On 23 July 1909, Curtin wrote again to Jessie. Only one page seems to have survived of this letter. In it, he announces that his family has moved to 93 Barkly Street in Brunswick. It was still within the circumscribed square of Brunswick’s Irish town but it was a move up in the world to a larger house that was made possible by the continued security of his job at Titan. They had been thinking of ‘a change for a very long while and at last have done the deed’, declared Curtin. He also told her of a theatre party he had attended which ‘had a good muster and went off right merrily’ despite Curtin being disappointed by the performance. And, as usual, he reported on the doings of the Bruce girls, Jen and Yat, who had been attending nature study classes at the Socialist Sunday school where they appeared each week ‘armed with bottles or card-board boxes full with grubs, worms, moths, beetles, flies and something which looked much like a small alligator . . .’22
On 9 December 1909, Curtin was again apologising profusely to Jessie, conceding that he was ‘an awful criminal in not having replied sooner’ but claiming that his mind was ‘a desert waste’ with ‘not an idea of any sort . . . to relieve the situation’. He resorted to relating the plot of his latest read, ‘a real, everyday, silly, but wondrously interesting novel’, yet another romantic adventure, this time by Robert Buchanan. It was not just for Jessie that Curtin read such books. All his life, he would retain his taste for such light reading to while away the idle moments and, presumably, provide relief from Marx’s Das Kapital and other such tomes.23 Like his long walks they may also have served as a means to divert him from bouts of depression.

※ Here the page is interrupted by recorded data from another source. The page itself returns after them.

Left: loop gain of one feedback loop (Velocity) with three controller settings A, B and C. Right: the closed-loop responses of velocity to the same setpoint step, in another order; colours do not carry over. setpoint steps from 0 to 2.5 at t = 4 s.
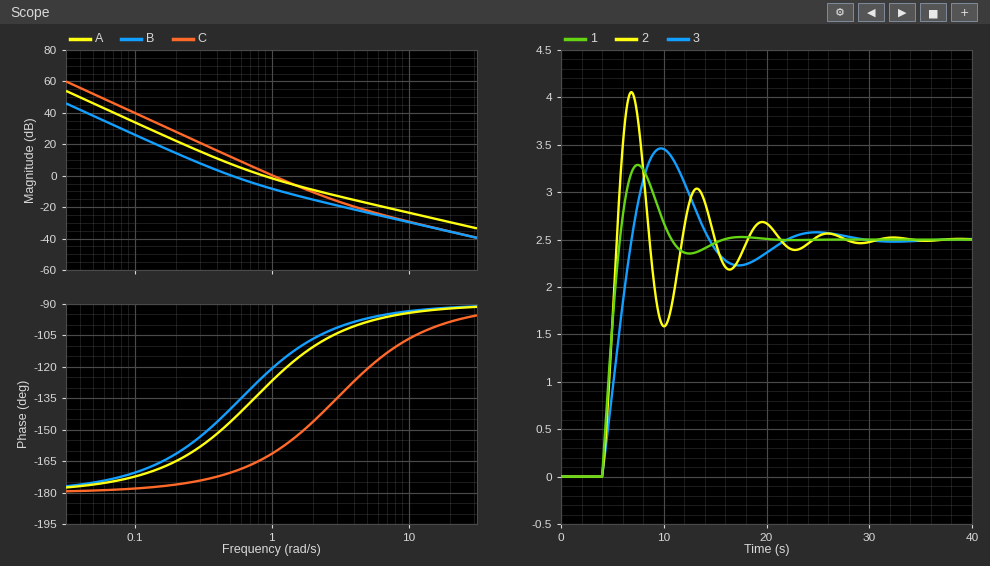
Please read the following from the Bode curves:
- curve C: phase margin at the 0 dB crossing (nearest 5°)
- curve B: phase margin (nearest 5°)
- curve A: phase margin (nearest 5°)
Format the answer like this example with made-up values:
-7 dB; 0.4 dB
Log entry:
20°; 40°; 50°
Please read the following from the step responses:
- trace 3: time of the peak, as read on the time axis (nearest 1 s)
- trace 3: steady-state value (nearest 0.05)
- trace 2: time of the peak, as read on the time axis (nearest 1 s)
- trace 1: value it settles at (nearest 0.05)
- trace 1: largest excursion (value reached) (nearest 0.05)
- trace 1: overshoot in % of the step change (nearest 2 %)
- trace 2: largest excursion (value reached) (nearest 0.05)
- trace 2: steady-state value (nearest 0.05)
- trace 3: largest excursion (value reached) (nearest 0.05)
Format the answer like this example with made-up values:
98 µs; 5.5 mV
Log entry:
10 s; 2.50; 7 s; 2.50; 3.30; 32 %; 4.05; 2.50; 3.45
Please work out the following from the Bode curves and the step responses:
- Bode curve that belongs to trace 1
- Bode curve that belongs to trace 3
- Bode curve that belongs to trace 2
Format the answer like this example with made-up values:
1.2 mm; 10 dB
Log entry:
A; B; C
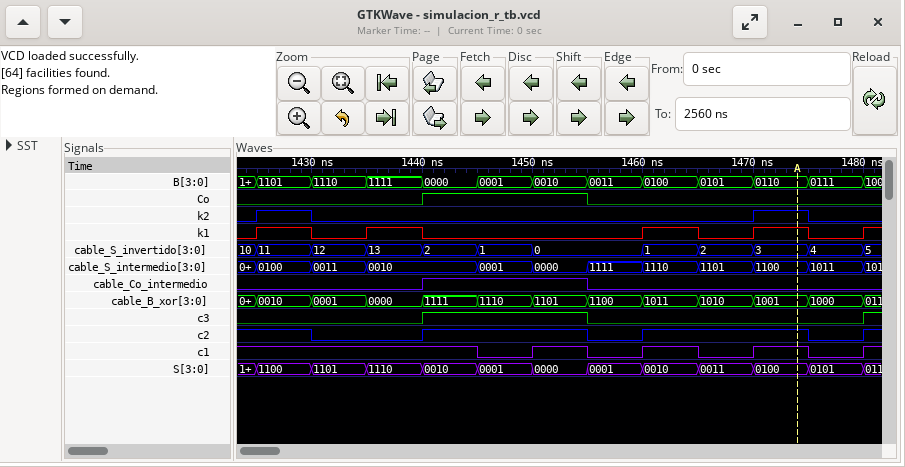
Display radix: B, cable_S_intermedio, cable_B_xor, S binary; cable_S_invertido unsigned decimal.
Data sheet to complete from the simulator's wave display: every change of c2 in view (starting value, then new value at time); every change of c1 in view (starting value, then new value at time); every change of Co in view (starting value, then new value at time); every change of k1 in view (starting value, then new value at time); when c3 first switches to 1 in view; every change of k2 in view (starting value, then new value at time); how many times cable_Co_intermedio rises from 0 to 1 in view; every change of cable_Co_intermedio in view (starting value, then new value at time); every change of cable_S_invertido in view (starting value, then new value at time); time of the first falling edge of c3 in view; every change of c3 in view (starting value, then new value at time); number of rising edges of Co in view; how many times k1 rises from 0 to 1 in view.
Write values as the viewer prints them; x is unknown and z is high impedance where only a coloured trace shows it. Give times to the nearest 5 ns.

1, 0 at 1430 ns, 1 at 1440 ns, 0 at 1455 ns, 1 at 1460 ns, 0 at 1475 ns, 1 at 1480 ns
1, 0 at 1445 ns, 1 at 1450 ns, 0 at 1455 ns, 1 at 1460 ns, 0 at 1465 ns, 1 at 1470 ns, 0 at 1475 ns, 1 at 1480 ns
0, 1 at 1440 ns, 0 at 1455 ns
0, 1 at 1425 ns, 0 at 1430 ns, 1 at 1435 ns, 0 at 1440 ns, 1 at 1460 ns, 0 at 1465 ns, 1 at 1470 ns, 0 at 1475 ns, 1 at 1480 ns
1440 ns
0, 1 at 1425 ns, 0 at 1430 ns, 1 at 1470 ns, 0 at 1475 ns
1
0, 1 at 1440 ns, 0 at 1455 ns
10, 11 at 1425 ns, 12 at 1430 ns, 13 at 1435 ns, 2 at 1440 ns, 1 at 1445 ns, 0 at 1450 ns, 1 at 1460 ns, 2 at 1465 ns, 3 at 1470 ns, 4 at 1475 ns, 5 at 1480 ns
1455 ns
0, 1 at 1440 ns, 0 at 1455 ns, 1 at 1480 ns
1
5

For nearly seven years, Curtin had been sustained in his ardent commitment to the socialist struggle by the inspiring presence of Tom Mann. However, Mann had set his sights on a wider field of struggle. Like many, he could sense the looming signs of war in Europe but saw such a climactic conflict as providing an opportunity for the workers to rise up and pursue the revolutionary road. Such a war, Mann confidently believed, would be the last gasp of capitalism. Tillett had pressed him to return to Britain in 1908 but Mann had gone instead to Broken Hill where the prospects for a working-class victory seemed good. Now, at the end of 1909, he was determined to be off, although he apparently had to beg his fare from sympathisers. The VSP organised a farewell concert for Mann at Melbourne Town Hall, but only one Labor MP bothered to join the crowd of well-wishers. Curtin was among the speakers, declaring that Mann ‘had made their socialist faith possible’.24
The historian of the Socialist Party has claimed that Mann left Victorian socialists ‘divided against each other and more intransigent in a variety of views than when he had arrived seven years earlier’, while the Socialist Party ‘had virtually destroyed its identity with the traditional bases of working class aspiration in that State, without offering a satisfactory solution’.25 This is rather harsh on Mann. He could hardly be expected to put aside his cosmopolitanism and opposition to militarism and embrace the Labor Party with its platform of racial purity, compulsory military training and its lukewarm support, at best, for socialist measures. From a different perspective, Bertha Walker concluded:
Tom had taught Australia a great deal. He had pioneered mass organisation, emphasised theory, showed that socialism was not purely ‘continental’ but applied to all countries; he broke down chauvinism and introduced internationalism; he taught them the necessity of militant class struggle in a class war. Above all he taught them not to fear the word ‘revolution’.26
These were certainly the lessons that Curtin had learnt from the man he called the ‘man of men’. Back in London, Mann would dedicate the remaining three decades of his life to the industrial organisation of the workers, both in Britain and elsewhere, and later as a high-profile committee member, to the work of the British Communist Party.27
On 30 December 1909, Elsie and Tom Mann and their children climbed aboard the steamship Commonwealth on the pier at Port Melbourne where he had made many a speech. Now the ardent addresses were for him as tearful friends and supporters, who had accompanied the couple aboard ship, returned to the wharf to sing his praises in speeches and songs.28 As the ship headed into the bay and the departing socialists straggled away, Curtin must have wondered what would become of the movement without the inspirational leadership of Mann. His own course, though, was clear. It was to pursue the new strategy of working mainly through the union movement to achieve socialism. Before long, both he and Hyett would be leading members of Melbourne’s trade union movement and Curtin would have found someone to replace Annie Gunn in his affections.